# WHAT YOU NEED TO DO
Give back exactly the lines starting at the one with "name: x=_ y=_" and ending at the last line of the data below. Pictures are not part of the copy.

# INPUT RECORDS
========================
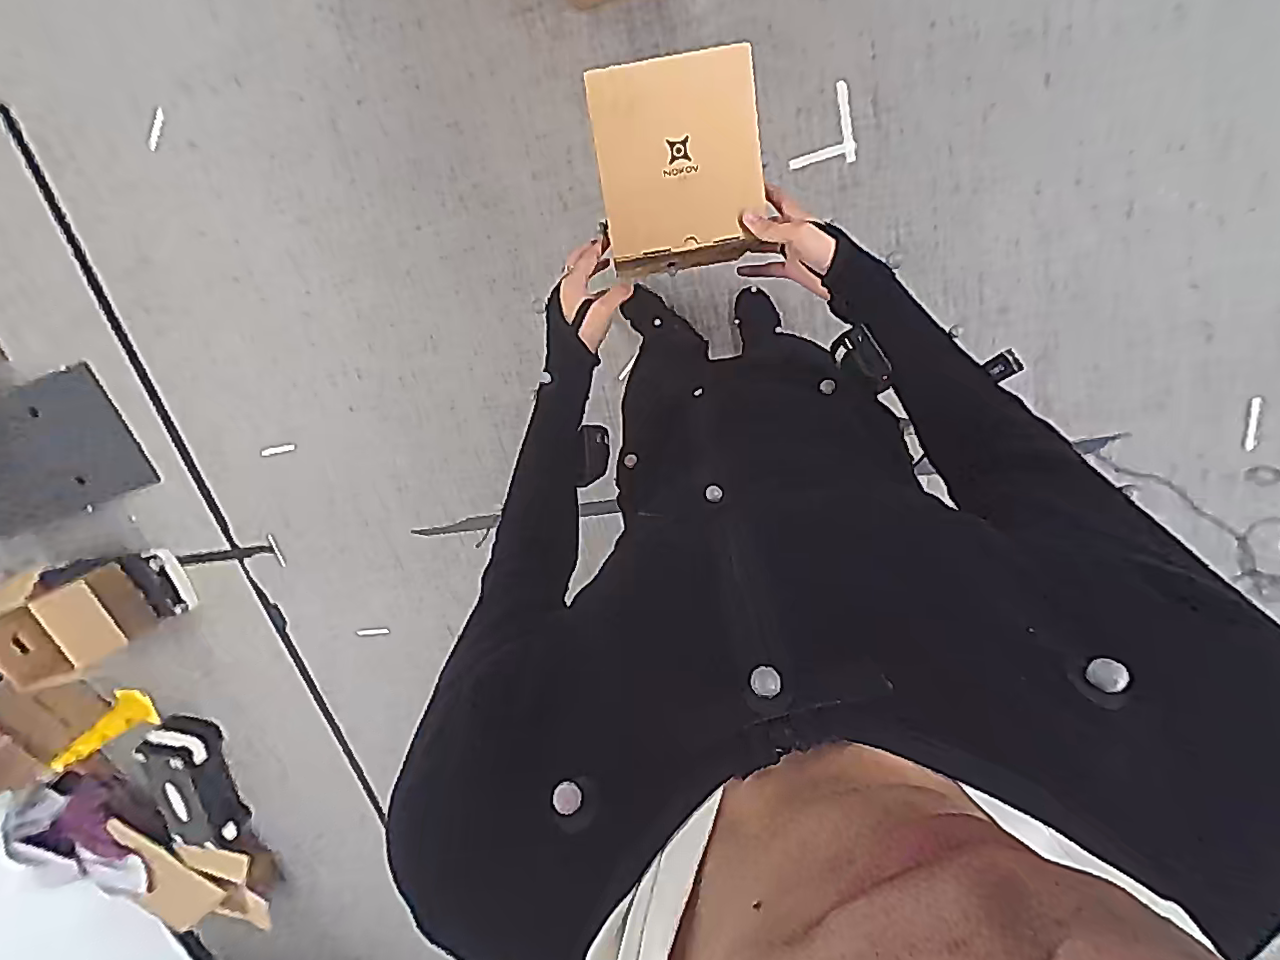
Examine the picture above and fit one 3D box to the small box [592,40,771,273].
[{"bbox_3d":[0.040,-0.347,0.615,0.168,0.176,0.179,-9,105,0],"label":"small box"}]
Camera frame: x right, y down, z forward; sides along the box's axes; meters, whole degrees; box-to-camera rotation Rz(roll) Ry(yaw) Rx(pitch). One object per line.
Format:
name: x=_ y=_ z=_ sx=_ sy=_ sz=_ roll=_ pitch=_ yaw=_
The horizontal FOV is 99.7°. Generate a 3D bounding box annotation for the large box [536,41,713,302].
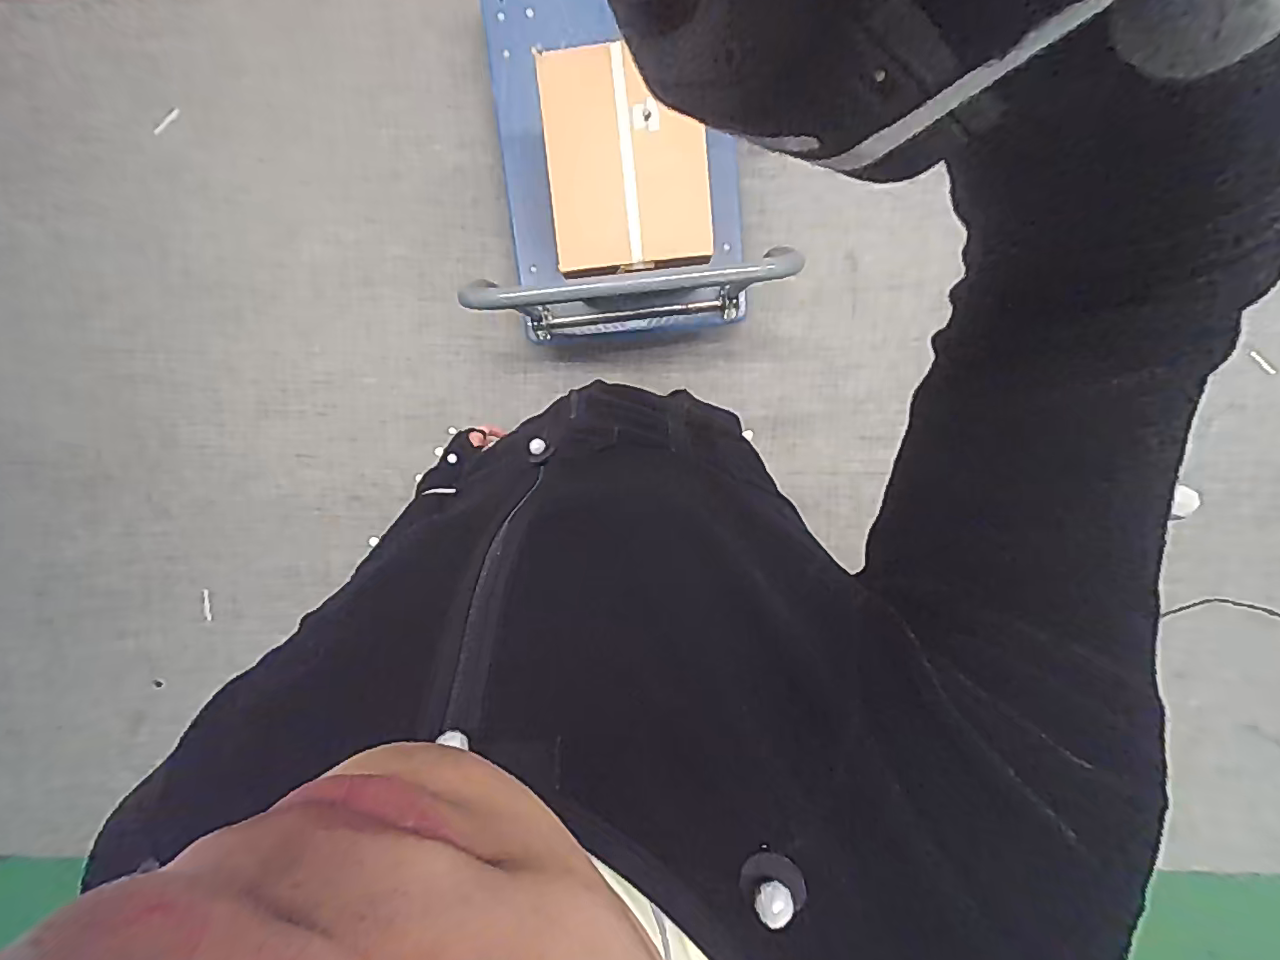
========================
# WRITTEN SOLUTION
name: x=_ y=_ z=_ sx=_ sy=_ sz=_ roll=_ pitch=_ yaw=_
The horizontal FOV is 99.7°. Generate a 3D bounding box annotation for the large box [536,41,713,302].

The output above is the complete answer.